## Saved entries
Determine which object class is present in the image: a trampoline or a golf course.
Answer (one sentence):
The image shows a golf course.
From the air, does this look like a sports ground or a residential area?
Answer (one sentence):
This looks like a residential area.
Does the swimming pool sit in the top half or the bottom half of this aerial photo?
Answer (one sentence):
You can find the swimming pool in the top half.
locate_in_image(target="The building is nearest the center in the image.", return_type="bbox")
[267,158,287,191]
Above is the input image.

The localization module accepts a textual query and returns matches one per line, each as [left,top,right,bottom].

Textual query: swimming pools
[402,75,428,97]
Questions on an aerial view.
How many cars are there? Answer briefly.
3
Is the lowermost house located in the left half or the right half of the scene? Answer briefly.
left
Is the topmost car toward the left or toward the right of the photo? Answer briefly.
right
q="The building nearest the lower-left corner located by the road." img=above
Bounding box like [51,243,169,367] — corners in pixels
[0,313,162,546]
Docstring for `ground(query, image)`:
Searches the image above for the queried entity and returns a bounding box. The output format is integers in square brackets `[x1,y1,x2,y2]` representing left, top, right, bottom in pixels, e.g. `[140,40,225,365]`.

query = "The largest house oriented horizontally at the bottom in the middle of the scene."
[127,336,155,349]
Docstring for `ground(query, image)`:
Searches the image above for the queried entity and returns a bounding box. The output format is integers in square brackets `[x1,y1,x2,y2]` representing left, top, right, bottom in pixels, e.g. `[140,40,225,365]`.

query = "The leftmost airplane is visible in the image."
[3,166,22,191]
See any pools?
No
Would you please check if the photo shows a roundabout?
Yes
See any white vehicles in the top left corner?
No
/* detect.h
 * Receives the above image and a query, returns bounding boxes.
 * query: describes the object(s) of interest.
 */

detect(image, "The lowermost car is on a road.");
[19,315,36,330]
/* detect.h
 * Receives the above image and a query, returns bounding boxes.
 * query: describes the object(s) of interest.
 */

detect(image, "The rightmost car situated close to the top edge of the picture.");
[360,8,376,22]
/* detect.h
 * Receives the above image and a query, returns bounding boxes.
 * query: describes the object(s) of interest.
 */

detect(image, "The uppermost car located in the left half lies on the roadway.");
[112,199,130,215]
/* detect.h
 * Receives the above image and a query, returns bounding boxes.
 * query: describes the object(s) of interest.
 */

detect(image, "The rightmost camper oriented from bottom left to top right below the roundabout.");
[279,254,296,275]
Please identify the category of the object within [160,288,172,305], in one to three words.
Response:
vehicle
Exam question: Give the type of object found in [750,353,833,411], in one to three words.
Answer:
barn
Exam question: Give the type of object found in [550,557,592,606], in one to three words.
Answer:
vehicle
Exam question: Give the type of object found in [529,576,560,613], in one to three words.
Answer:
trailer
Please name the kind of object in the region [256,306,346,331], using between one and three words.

## WHAT YOU SHOULD DO
When you answer, set down the entries above precisely as they read.

## TASK RESULT
Determine which object class is present in the image: a trampoline or a golf course.
Answer (one sentence):
The image shows a golf course.
From the air, does this look like a sports ground or a residential area?
Answer (one sentence):
This looks like a residential area.
Does the swimming pool sit in the top half or the bottom half of this aerial photo?
Answer (one sentence):
You can find the swimming pool in the top half.
locate_in_image(target="The building is nearest the center in the image.", return_type="bbox")
[267,158,287,191]
Above is the input image.

The localization module accepts a textual query and returns matches one per line, each as [left,top,right,bottom].

Textual query: swimming pools
[402,75,428,97]
Questions on an aerial view.
How many cars are there? Answer briefly.
3
Is the lowermost house located in the left half or the right half of the scene? Answer briefly.
left
Is the topmost car toward the left or toward the right of the photo? Answer briefly.
right
q="The building nearest the lower-left corner located by the road." img=above
Bounding box like [51,243,169,367] — corners in pixels
[0,313,162,546]
Docstring for `ground(query, image)`:
Searches the image above for the queried entity and returns a bounding box. The output format is integers in square brackets `[x1,y1,x2,y2]` representing left, top, right, bottom in pixels, e.g. `[140,40,225,365]`.

query = "The largest house oriented horizontally at the bottom in the middle of the scene."
[127,336,155,349]
Docstring for `ground(query, image)`:
Searches the image above for the queried entity and returns a bounding box. The output format is integers in square brackets `[x1,y1,x2,y2]` representing left, top, right, bottom in pixels, e.g. `[140,40,225,365]`.

query = "The leftmost airplane is visible in the image."
[3,166,22,191]
See any pools?
No
Would you please check if the photo shows a roundabout?
Yes
See any white vehicles in the top left corner?
No
/* detect.h
 * Receives the above image and a query, returns bounding boxes.
 * query: describes the object(s) of interest.
 */

detect(image, "The lowermost car is on a road.");
[19,315,36,330]
/* detect.h
 * Receives the above image and a query, returns bounding boxes.
 * query: describes the object(s) of interest.
 */

detect(image, "The rightmost car situated close to the top edge of the picture.");
[360,8,376,22]
/* detect.h
 * Receives the above image and a query, returns bounding boxes.
 * query: describes the object(s) of interest.
 */

detect(image, "The uppermost car located in the left half lies on the roadway.");
[112,199,130,215]
/* detect.h
 * Receives the above image and a query, returns bounding boxes.
 * query: describes the object(s) of interest.
 */

detect(image, "The rightmost camper oriented from bottom left to top right below the roundabout.");
[279,254,296,275]
Please identify the category of the object within [160,288,172,305], in one to three words.
Response:
vehicle
Exam question: Give the type of object found in [750,353,833,411], in one to three words.
Answer:
barn
Exam question: Give the type of object found in [550,557,592,606], in one to three words.
Answer:
vehicle
Exam question: Give the type of object found in [529,576,560,613], in one to three words.
Answer:
trailer
Please name the kind of object in the region [256,306,346,331], using between one and three words.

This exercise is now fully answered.